Fuzzy Control and Automatic Learning

Year
0
Academic year
2021-2022
Code
02042739
Subject Area
Robotics, Control and Systems
Language of Instruction
Portuguese
Other Languages of Instruction
English
Mode of Delivery
Face-to-face
ECTS Credits
6.0
Type
Elective
Level
2nd Cycle Studies - Mestrado

Recommended Prerequisites

Control Systems; Digital Control

Teaching Methods

Theoretical classes of magisterial type with detailed presentation, using audiovisual means, of the concepts, principles, theories, and methodologies, and with the presentation of illustrative and application examples.

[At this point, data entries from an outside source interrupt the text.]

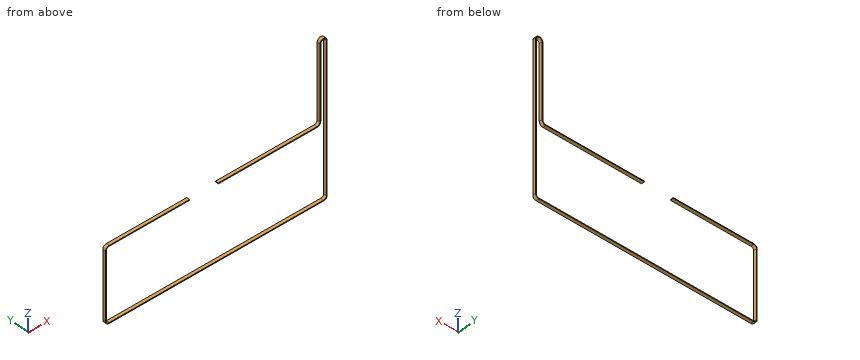
from build123d import *

# Parameters (mm, degrees)
BOSS_EXTRUDE1_DEPTH = 6


with BuildPart() as part:
    # Sketch1 → Boss-Extrude1 (new body)
    with BuildSketch(Plane(origin=(0, 321, 0), x_dir=(1, 0, 0), z_dir=(0, 1, 0))):
        with BuildLine():
            Line((195.6, 23.007337011), (3.974945104, 23.007337011))
            Line((3.974945104, 23.007337011), (3.974945104, 21.507337011))
            Line((3.974945104, 21.507337011), (195.6, 21.507337011))
            ThreePointArc((195.6, 21.507337011), (199.842640687, 19.749977698), (201.6, 15.507337011))
            Line((201.6, 15.507337011), (201.6, -129))
            ThreePointArc((201.6, -129), (208.496418687, -135.899999071), (215.399996282, -129.007162626))
            Line((215.399996282, -129.007162626), (215.699996282, 159.992837374))
            ThreePointArc((215.699996282, 159.992837374), (213.681568504, 164.876503762), (208.8, 166.9))
            Line((208.8, 166.9), (-208.5, 166.9))
            ThreePointArc((-208.5, 166.9), (-213.37903679, 164.87903679), (-215.4, 160))
            Line((-215.4, 160), (-215.4, 28.457337011))
            ThreePointArc((-215.4, 28.457337011), (-213.37903679, 23.578300221), (-208.5, 21.557337011))
            Line((-208.5, 21.557337011), (-52.025054896, 21.557337011))
            Line((-52.025054896, 21.557337011), (-52.025054896, 23.057337011))
            Line((-52.025054896, 23.057337011), (-208.5, 23.057337011))
            ThreePointArc((-208.5, 23.057337011), (-212.318376618, 24.638960392), (-213.9, 28.457337011))
            Line((-213.9, 28.457337011), (-213.9, 160))
            ThreePointArc((-213.9, 160), (-212.318376618, 163.818376618), (-208.5, 165.4))
            Line((-208.5, 165.4), (208.8, 165.4))
            ThreePointArc((208.8, 165.4), (212.62035796, 163.816394249), (214.199997091, 159.994394467))
            Line((214.199997091, 159.994394467), (213.899997091, -129.005605533))
            ThreePointArc((213.899997091, -129.005605533), (208.497197233, -134.399999273), (203.1, -129))
            Line((203.1, -129), (203.1, 15.507337011))
            ThreePointArc((203.1, 15.507337011), (200.903300859, 20.81063787), (195.6, 23.007337011))
        make_face()
    extrude(amount=-BOSS_EXTRUDE1_DEPTH)


solid = part.part
Work out the finished part from the listing and answer in its coordinate system (mm). Give positions to 0.01 mm unless a question says otherwise; leave off trailing zeros. Loops run counter-clockwise (first coordinate to the right, second up) from the corner with the lowest first, then second, coordinate; pieces in that order, holes last. Notation, with made-up numbers: (20.5, -37.75) -> (54.5, -37.75) arc R16 cw to (54.5, -30.75) -> close; hole circle Ø4 at (78.25, 21.5). An arc over 180 degrees is marked (long way). Use a Markdown table: item, result. Add a question column.
1. Flat-ended cylindrical pins translate along their axes: pin 1 Ø1.2 at (y, z) = (317.5, -22.5) entering from +X; pin 2 Ø3 at (y, z) = (315.5, 9) entering from +X; pin 3 Ø1 at (y, z) = (316, 62.5) entering from -X; pin 4 Ø8 at (x, z) = (58.5, -24.5) entering from -Y. Find the tip coordinate at first contact, or state that the pin passes through.
2. Section B-B on y = 319.4 is taken. Determine the outline of the cut face in (x, z), and give its area (3 significant figures).
3. Section C-C on z = 15 is taken. Determine the outline of the cut face in (x, y), and give its area (3 significant figures).
4. Section A-A on x = -149 is taken. Determine the outline of the cut face in (y, z), and give its area (3 significant figures).
5. Find the intervals of material crossed by probe 1 along Z at (x, y) = (131.5, 315.2); probe 2 along X at (y, z) = (316.1, 29.5); probe 3 along X at (y, z) = (318.7, 99), in increasing order.
Results below:
| question | item | result |
|---|---|---|
| 1 | pin 1 | stops at x = 215.56 |
| 1 | pin 2 | stops at x = 215.53 |
| 1 | pin 3 | stops at x = 201.6 |
| 1 | pin 4 | stops at y = 315 |
| 2 | outline | (-215.4, -160) arc R6.9 ccw to (-208.5, -166.9) -> (208.8, -166.9) arc R6.9 ccw to (215.7, -159.99) -> (215.4, 129.01) arc R6.9 ccw to (201.6, 129) -> (201.6, -15.51) arc R6 cw to (195.6, -21.51) -> (3.97, -21.51) -> (3.97, -23.01) -> (195.6, -23.01) arc R7.5 ccw to (203.1, -15.51) -> (203.1, 129) arc R5.4 cw to (213.9, 129.01) -> (214.2, -159.99) arc R5.4 cw to (208.8, -165.4) -> (-208.5, -165.4) arc R5.4 cw to (-213.9, -160) -> (-213.9, -28.46) arc R5.4 cw to (-208.5, -23.06) -> (-52.03, -23.06) -> (-52.03, -21.56) -> (-208.5, -21.56) arc R6.9 ccw to (-215.4, -28.46) -> close |
| 2 | area | 2,080 mm^2 |
| 3 | outline | (201.6, 315) -> (203.1, 315) -> (203.1, 321) -> (201.6, 321) -> close; (214.02, 315) -> (215.52, 315) -> (215.52, 321) -> (214.02, 321) -> close |
| 3 | area | 18.0 mm^2 |
| 4 | outline | (315, -166.9) -> (321, -166.9) -> (321, -165.4) -> (315, -165.4) -> close; (315, -23.06) -> (321, -23.06) -> (321, -21.56) -> (315, -21.56) -> close |
| 4 | area | 18.0 mm^2 |
| 5 | probe 1 | z = -166.9 to -165.4, -23.01 to -21.51 |
| 5 | probe 2 | x = 201.6 to 203.1, 214 to 215.5 |
| 5 | probe 3 | x = 201.6 to 203.1, 213.93 to 215.43 |
from build123d import *

# Parameters (mm, degrees)
SKETCH1_R   = 11.1125
SKETCH1_R_2 = 6.0325
SKETCH1_R_3 = 2.413
SKETCH1_R_4 = 2.6035
PANEL_DEPTH = 1.5875


with BuildPart() as part:
    # Sketch1 → Panel (new body)
    with BuildSketch(Plane.XY):
        Polygon((-233.495394339, -381), (-186.796315472, -304.8), (0, -304.8), (0, -381), align=None)
        with Locations((-171.45, -332.74)):
            Circle(SKETCH1_R, mode=Mode.SUBTRACT)
        with Locations((-196.85, -361.95)):
            Circle(SKETCH1_R_2, mode=Mode.SUBTRACT)
        with Locations((-171.45, -361.95)):
            Circle(SKETCH1_R_2, mode=Mode.SUBTRACT)
        with Locations((-146.05, -361.95)):
            Circle(SKETCH1_R_2, mode=Mode.SUBTRACT)
        with Locations((-6.35, -311.15)):
            Circle(SKETCH1_R_3, mode=Mode.SUBTRACT)
        with Locations((-6.35, -374.65)):
            Circle(SKETCH1_R_3, mode=Mode.SUBTRACT)
        with Locations((-222.156189245, -374.65)):
            Circle(SKETCH1_R_3, mode=Mode.SUBTRACT)
        with Locations((-183.240290189, -311.15)):
            Circle(SKETCH1_R_3, mode=Mode.SUBTRACT)
        with Locations((-19.60215076, -336.167333479)):
            Circle(SKETCH1_R_4, mode=Mode.SUBTRACT)
        with Locations((-56.59784924, -349.632666521)):
            Circle(SKETCH1_R_4, mode=Mode.SUBTRACT)
        with Locations((-83.10215076, -336.167333479)):
            Circle(SKETCH1_R_4, mode=Mode.SUBTRACT)
        with Locations((-120.09784924, -349.632666521)):
            Circle(SKETCH1_R_4, mode=Mode.SUBTRACT)
        with BuildLine():
            Line((-56.904231841, -330.003007558), (-44.214850365, -364.866796631))
            ThreePointArc((-44.214850365, -364.866796631), (-41.786616314, -368.025044915), (-37.983738549, -369.212046828))
            ThreePointArc((-37.983738549, -369.212046828), (-29.099761225, -367.627952805), (-21.276003752, -363.13092868))
            ThreePointArc((-21.276003752, -363.13092868), (-19.125820494, -359.777189752), (-19.295768159, -355.796992442))
            Line((-19.295768159, -355.796992442), (-31.985149635, -320.933203369))
            ThreePointArc((-31.985149635, -320.933203369), (-34.413383686, -317.774955085), (-38.216261451, -316.587953172))
            ThreePointArc((-38.216261451, -316.587953172), (-47.100238775, -318.172047195), (-54.923996248, -322.66907132))
            ThreePointArc((-54.923996248, -322.66907132), (-57.074179506, -326.022810248), (-56.904231841, -330.003007558))
        make_face(mode=Mode.SUBTRACT)
        with BuildLine():
            Line((-120.404231841, -330.003007558), (-107.714850365, -364.866796631))
            ThreePointArc((-107.714850365, -364.866796631), (-105.286616314, -368.025044915), (-101.483738549, -369.212046828))
            ThreePointArc((-101.483738549, -369.212046828), (-92.599761225, -367.627952805), (-84.776003752, -363.13092868))
            ThreePointArc((-84.776003752, -363.13092868), (-82.625820494, -359.777189752), (-82.795768159, -355.796992442))
            Line((-82.795768159, -355.796992442), (-95.485149635, -320.933203369))
            ThreePointArc((-95.485149635, -320.933203369), (-97.913383686, -317.774955085), (-101.716261451, -316.587953172))
            ThreePointArc((-101.716261451, -316.587953172), (-110.600238775, -318.172047195), (-118.423996248, -322.66907132))
            ThreePointArc((-118.423996248, -322.66907132), (-120.574179506, -326.022810248), (-120.404231841, -330.003007558))
        make_face(mode=Mode.SUBTRACT)
    extrude(amount=PANEL_DEPTH)


solid = part.part
The listing builds one solid part. Answer for the finished solid, in the listing's coordinates (mm). Give positions to 0.01 mm unless a question says otherwise; leave off trailing zeros. Write each loop counter-clockwise with the first axis right and the second up, starting at its lowest first coordinate (ties: lowest second). Pieces come first, ordered by that corner, then holes.
1) Section B-B (y = -374.65) is taken. Write down the section's boundary in (x, z).
2) Section A-A (x = -6.35) is taken. Write down the section's boundary in (y, z), and give its area (3 significant figures).
3) Given P1, Ø4.5, axis at x = -6.35, y = -311.15, coming from the -Z side, flat-ended and moving along its own axis, determine where the tip first touches the part or whether it passes through.
4) Section C-C (x = -146.05) is taken. Write down the section's boundary in (y, z).
5) Section D-D (z = 0.3) is taken. Count the separate pieces of the cut face and the enclosed holes in it, and give its area (3 significant figures).
6) Find the intervals of material crossed by L1, parallel to Y at x = -6.35, z = 0.6; L2, parallel to Y at x = -171.45, z = 0.4; L3, parallel to X at y = -338.5, z = 0.85, in increasing order.
7) For a pull along Y with two mould halves and no side action, classify faces 1 (the face through (-115, -351, 1.588)), 2 (the face through (-222.7, -377, 0.8)), 3 (the face through (-172.76, -367.84, 0.78)) as pulls with the +Y half, pulls with the -Y half, needs draft (parallel to the pull), parting line crosses it, or undercut.
Response:
1. outline: (-229.6, 0) - (-224.57, 0) - (-224.57, 1.59) - (-229.6, 1.59) - close; (-219.74, 0) - (-8.76, 0) - (-8.76, 1.59) - (-219.74, 1.59) - close; (-3.94, 0) - (0, 0) - (0, 1.59) - (-3.94, 1.59) - close
2. outline: (-381, 0) - (-377.06, 0) - (-377.06, 1.59) - (-381, 1.59) - close; (-372.24, 0) - (-313.56, 0) - (-313.56, 1.59) - (-372.24, 1.59) - close; (-308.74, 0) - (-304.8, 0) - (-304.8, 1.59) - (-308.74, 1.59) - close
2. area: 106 mm2
3. P1: passes through
4. outline: (-381, 0) - (-367.98, 0) - (-367.98, 1.59) - (-381, 1.59) - close; (-355.92, 0) - (-304.8, 0) - (-304.8, 1.59) - (-355.92, 1.59) - close
5. separate pieces: 1
5. enclosed holes: 14
5. area: 12,500 mm2
6. L1: y = -381 to -377.06, -372.24 to -313.56, -308.74 to -304.8
6. L2: y = -381 to -367.98, -355.92 to -343.85, -321.63 to -304.8
6. L3: x = -207.45 to -180.95, -161.95 to -117.31, -89.09 to -84.26, -81.95 to -53.81, -25.59 to -20.76, -18.45 to 0
7. face 1: needs draft
7. face 2: undercut
7. face 3: undercut
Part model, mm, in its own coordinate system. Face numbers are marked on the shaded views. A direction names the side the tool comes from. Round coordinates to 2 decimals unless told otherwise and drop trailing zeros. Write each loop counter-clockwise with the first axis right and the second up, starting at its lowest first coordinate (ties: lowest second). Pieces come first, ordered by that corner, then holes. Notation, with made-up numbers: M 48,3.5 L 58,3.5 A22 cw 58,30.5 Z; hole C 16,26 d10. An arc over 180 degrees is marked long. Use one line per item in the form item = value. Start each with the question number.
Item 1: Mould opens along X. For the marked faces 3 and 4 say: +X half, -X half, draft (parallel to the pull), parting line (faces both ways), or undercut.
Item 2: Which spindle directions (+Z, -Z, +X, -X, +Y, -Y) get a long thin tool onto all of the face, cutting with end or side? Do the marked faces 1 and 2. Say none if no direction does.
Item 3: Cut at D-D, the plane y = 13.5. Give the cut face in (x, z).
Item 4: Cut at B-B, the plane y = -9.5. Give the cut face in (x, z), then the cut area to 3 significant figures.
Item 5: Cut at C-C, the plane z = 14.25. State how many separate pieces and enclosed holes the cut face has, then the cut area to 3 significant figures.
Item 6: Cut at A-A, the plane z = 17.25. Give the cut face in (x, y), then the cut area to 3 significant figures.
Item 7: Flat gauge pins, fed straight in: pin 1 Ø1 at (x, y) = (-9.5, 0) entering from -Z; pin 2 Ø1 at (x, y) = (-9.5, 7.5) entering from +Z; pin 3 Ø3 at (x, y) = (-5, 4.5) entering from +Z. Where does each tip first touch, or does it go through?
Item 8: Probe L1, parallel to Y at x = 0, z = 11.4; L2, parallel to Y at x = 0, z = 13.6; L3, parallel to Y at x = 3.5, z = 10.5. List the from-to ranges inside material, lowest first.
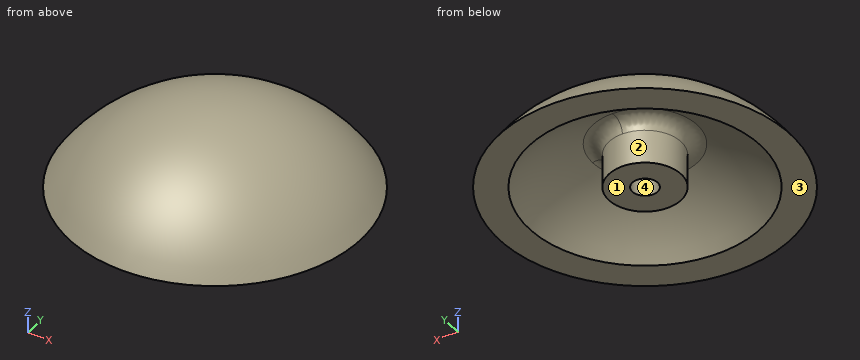
from build123d import *

# Parameters (mm, degrees)
F3_T     = -2.54
F4_R     = 3.81
F4_R_2   = 1.3335
F6_R     = 1.27
F7_R     = 18.415
F8_DEPTH = 10.16


with BuildPart() as f2:
    # F1 (on Right) → F2 (revolve)
    with BuildSketch(Plane.YZ):
        with BuildLine():
            Line((0, 18.415), (0, 0))
            Line((0, 0), (18.415, 0))
            ThreePointArc((18.415, 0), (13.0213713756, 13.0213713756), (0, 18.415))
        make_face()
    revolve(axis=Axis((0, 0, 9.2075), (0, 0, 1)))

    # F3
    f3_openings = [f2.faces().sort_by_distance(p)[0] for p in [
        (0, 0, 0),
    ]]
    offset(amount=F3_T, openings=f3_openings)

    # F4 (on face) → F5 (join, up to the next surface of F2)
    with BuildSketch(Plane.XY):
        Circle(F4_R)
        Circle(F4_R_2, mode=Mode.SUBTRACT)
    extrude(until=Until.NEXT)

    # F6
    f6_edges = [f2.edges().sort_by_distance(p)[0] for p in [
        (-2.694077, -2.694077, 15.41102),
        (2.694077, 2.694077, 15.41102),
    ]]
    fillet(f6_edges, radius=F6_R)

    # F7 (on face) → F8 (cut)
    with BuildSketch(Plane.XY):
        Circle(F7_R)
    extrude(amount=F8_DEPTH, mode=Mode.SUBTRACT)


solid = f2.part
Model answer:
q1.face_3 = draft
q1.face_4 = undercut
q2.face_1 = -Z, +X, -X, +Y, -Y
q2.face_2 = -Z
q3.outline = M -7.32,10.16 L 7.32,10.16 A12.52 ccw Z
q4.outline = M -12.07,10.16 L -7.65,10.16 A12.72 cw 7.65,10.16 L 12.07,10.16 A15.78 ccw Z
q4.area = 67.5 mm²
q5.separate_pieces = 2
q5.enclosed_holes = 2
q5.area = 317 mm²
q6.outline = C 0,0 d12.89
q6.area = 131 mm²
q7.pin_1 = 12.33
q7.pin_2 = 14.3
q7.pin_3 = 17.66
q8.L1 = -14.46 to -11.05, -3.81 to -1.33, 1.33 to 3.81, 11.05 to 14.46
q8.L2 = -12.42 to -8.19, -3.81 to -1.33, 1.33 to 3.81, 8.19 to 12.42
q8.L3 = -14.72 to -11.38, -1.51 to 1.51, 11.38 to 14.72
from build123d import *

# Parameters (mm, degrees)
SKETCH1_R           = 3.25
BOSS_EXTRUDE1_DEPTH = 2.5
SKETCH2_R           = 1.75
CUT_EXTRUDE1_DEPTH  = 2.5
SKETCH3_W           = 12.5
SKETCH3_H           = 7.2
BOSS_EXTRUDE2_DEPTH = 5
FILLET1_R           = 2.54
FILLET2_R           = 0.75


with BuildPart() as part:
    # Sketch1 → Boss-Extrude1 (new body)
    with BuildSketch(Plane(origin=(0, 0, 0), x_dir=(1, 0, 0), z_dir=(0, 1, 0))):
        Circle(SKETCH1_R)
    extrude(amount=BOSS_EXTRUDE1_DEPTH)

    # Sketch2 → Cut-Extrude1 (cut)
    with BuildSketch(Plane.XZ):
        Circle(SKETCH2_R)
    extrude(amount=-CUT_EXTRUDE1_DEPTH, mode=Mode.SUBTRACT)

    # Sketch3 → Boss-Extrude2 (add)
    with BuildSketch(Plane(origin=(0, 2.5, 0), x_dir=(1, 0, 0), z_dir=(0, 1, 0))):
        Rectangle(SKETCH3_W, SKETCH3_H)
    extrude(amount=BOSS_EXTRUDE2_DEPTH)

    # Fillet1
    fillet1_edges = [part.edges().sort_by_distance(p)[0] for p in [
        (6.25, 5, 3.6),
        (6.25, 5, -3.6),
        (-6.25, 5, -3.6),
        (-6.25, 5, 3.6),
    ]]
    fillet(fillet1_edges, radius=FILLET1_R)

    # Fillet2
    fillet2_edges = [part.edges().sort_by_distance(p)[0] for p in [
        (-6.25, 7.5, 0),
        (0, 7.5, -3.6),
        (6.25, 7.5, 0),
        (0, 7.5, 3.6),
        (-5.506051224, 7.5, 2.856051224),
        (5.506051224, 7.5, 2.856051224),
        (5.506051224, 7.5, -2.856051224),
        (-5.506051224, 7.5, -2.856051224),
    ]]
    fillet(fillet2_edges, radius=FILLET2_R)


solid = part.part
Geometry check sheet. Reference: the model listing, model coordinates, mm. A direction names the side the tool comes from. Coordinates: 2 decimals unless noted, no trailing zeros. Order: outer loops, then holes, each group sorted by start corner. A loop starts at its lowest first (then second) coordinate and runs counter-clockwise, first axis right, second up. Notation, with made-up numbers: (40, 27) -> (75, 27) arc R27 ccw to (75, 47) -> close; hole circle Ø10 at (56, 70). An arc over 180 degrees is marked (long way). Use a Markdown table: item, result. Add a question column.
1. Go/stop test with a flat-tipped pin: pin 1 Ø2 at (y, z) = (2.5, 2) entering from -X. Record where the tip stops, or that it passes through.
2. Material ranges on L1, parallel to Z at x = 0, y = 0.75; L2, parallel to Y at x = -3.5, z = 2.5; L3, parallel to X at y = 1.75, z = 0.5, recorded low to high.
3. Mould release check, pull along X, two halves, no side actions. Record for faces 1 (the face through (5.486, 4.655, 2.876)), 2 (the face through (1.617, 1.232, -0.67)), 3 (the face through (0, 7.5, 0)): pulls with the +X half, pulls with the -X half, needs draft (parallel to the pull), parting line crosses it, or undercut.
4. Set-up check for faces 4 (the face through (6.25, 5, 0)), 5 (the face through (0, 2.5, 0)): record each of +Z, -Z, +X, -X, +Y, -Y from which the full face is reachable in a straight line by a thin tool's end or side.
5. Cross-section at B-B (x = 0). Enter the section's corners in (y, z).
6. Cross-section at C-C (z = -0.5). Enter the section's corners in (x, y).
7. Cross-section at D-D (x = 2). Enter the section's corners in (y, z).
8. Cross-section at A-A (y = 6.5). Enter the section's corners in (x, z), and give its area (3 significant figures).
Filled sheet:
| question | item | result |
|---|---|---|
| 1 | pin 1 | x = -6.25 |
| 2 | L1 | -3.25 to -1.75, 1.75 to 3.25 |
| 2 | L2 | 2.5 to 7.5 |
| 2 | L3 | -3.21 to -1.68, 1.68 to 3.21 |
| 3 | face 1 | pulls with the +X half |
| 3 | face 2 | undercut |
| 3 | face 3 | needs draft |
| 4 | face 4 | +Z, -Z, +X, +Y, -Y |
| 4 | face 5 | -Y |
| 5 | outline | (0, -3.25) -> (2.5, -3.25) -> (2.5, -3.6) -> (6.75, -3.6) arc R0.75 ccw to (7.5, -2.85) -> (7.5, 2.85) arc R0.75 ccw to (6.75, 3.6) -> (2.5, 3.6) -> (2.5, 3.25) -> (0, 3.25) -> (0, 1.75) -> (2.5, 1.75) -> (2.5, -1.75) -> (0, -1.75) -> close |
| 6 | outline | (-6.25, 2.5) -> (-3.21, 2.5) -> (-3.21, 0) -> (-1.68, 0) -> (-1.68, 2.5) -> (1.68, 2.5) -> (1.68, 0) -> (3.21, 0) -> (3.21, 2.5) -> (6.25, 2.5) -> (6.25, 6.75) arc R0.75 ccw to (5.5, 7.5) -> (-5.5, 7.5) arc R0.75 ccw to (-6.25, 6.75) -> close |
| 7 | outline | (0, -2.56) -> (2.5, -2.56) -> (2.5, -3.6) -> (6.75, -3.6) arc R0.75 ccw to (7.5, -2.85) -> (7.5, 2.85) arc R0.75 ccw to (6.75, 3.6) -> (2.5, 3.6) -> (2.5, 2.56) -> (0, 2.56) -> close |
| 8 | outline | (-6.25, -1.06) arc R2.54 ccw to (-3.71, -3.6) -> (3.71, -3.6) arc R2.54 ccw to (6.25, -1.06) -> (6.25, 1.06) arc R2.54 ccw to (3.71, 3.6) -> (-3.71, 3.6) arc R2.54 ccw to (-6.25, 1.06) -> close |
| 8 | area | 84.5 mm2 |
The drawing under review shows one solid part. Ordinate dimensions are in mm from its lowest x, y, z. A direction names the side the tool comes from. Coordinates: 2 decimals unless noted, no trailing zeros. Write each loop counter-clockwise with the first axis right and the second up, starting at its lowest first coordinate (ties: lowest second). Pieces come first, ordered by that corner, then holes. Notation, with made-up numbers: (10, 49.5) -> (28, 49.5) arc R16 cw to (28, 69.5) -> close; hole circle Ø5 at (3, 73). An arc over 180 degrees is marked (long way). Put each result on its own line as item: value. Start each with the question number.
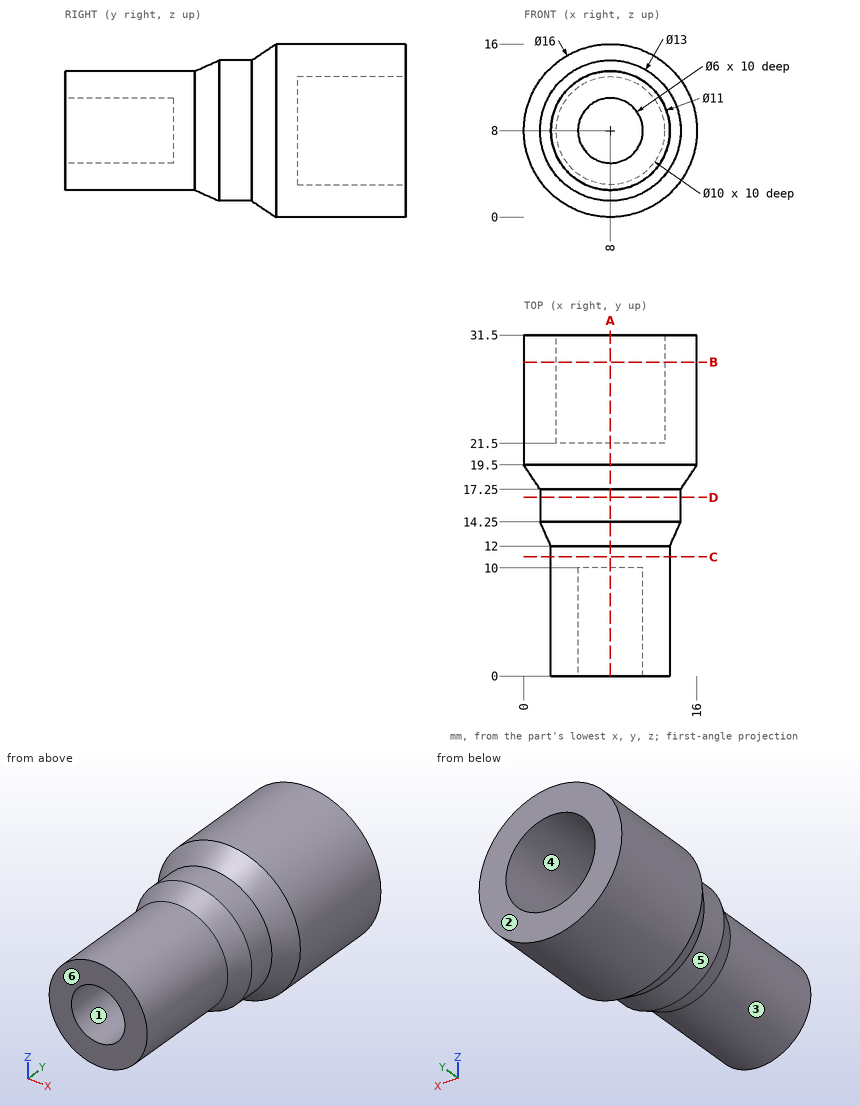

Practical laboratory classes, supervised by a professor: in these classes, some time is dedicated to the presentation of topics relevant to the laboratory works; And the rest of the time is dedicated to the development of laboratory works which require the application and combination of different concepts.

Learning Outcomes

Acquire the competencies required to have knowledge and apply the fundamental concepts concerning fuzzy systems and neural networks, as well as analyze, understand and design fuzzy control systems, and systems based on neural networks. Acquire competencies required to have knowledge and apply fundamental concepts concerning to computational learning.

Acquiring competencies in analysis and synthesis, critical reasoning, problem solving, autonomous learning, practical application of theoretical knowledge, adaptivity to new situations.

Work Placement(s)

No

Syllabus

Fuzzy logic. Fuzzy Systems. Knowledge bases, rules. Fuzzy inference. Automatic learning. Fuzzy controllers, and learning methods for their synthesis and automatic calibration. Fuzzy supervisory control. Neural networks and neural network architectures. Learning with neural networks. Control with neural networks. Integration of fuzzy systems and neural networks, neuro-fuzzy controller.

Head Lecturer(s)

Rui Alexandre de Matos Araújo

Assessment Methods

Assessment
Exam: 50.0%
Laboratory work or Field work: 50.0%

Bibliography

 • Wang, L.-X. (1997) – A Course in Fuzzy Systems and Control, Prentice-Hall.

• Haykin, S. (1999) – Neural Networks: A Comprehensive Foundation, 2nd Edition, Prentice-Hall.

• Haykin, S. (2009) – Neural Networks and Learning Machines, 3rd Edition, Prentice-Hall.

• Araújo, R. (2015) – Controlo Difuso e Aprendizagem [Apontamentos], Departamento de Engenharia Electrotécnica e de Computadores, Faculdade de Ciências e Tecnologia da Universidade de Coimbra.

• Araújo, R. (2015) – Controlo Difuso e Aprendizagem: Exercícios e Soluções, Departamento de Engenharia Electrotécnica e de Computadores, Faculdade de Ciências e Tecnologia da Universidade de Coimbra.

• Lin, C.-T., Lee, C.S.G. (1997) – Neural Fuzzy Systems - A Neuro-Fuzzy Synergism to Intelligent Systems, Prentice-Hall.

• Babuska, R. (1998) – Fuzzy Modeling for Control, Kluwer Academic Publishers.

• Krose, B., Smagt, P.V.D. (1996) – An Introduction to Neural Networks, The University of Amsterdam.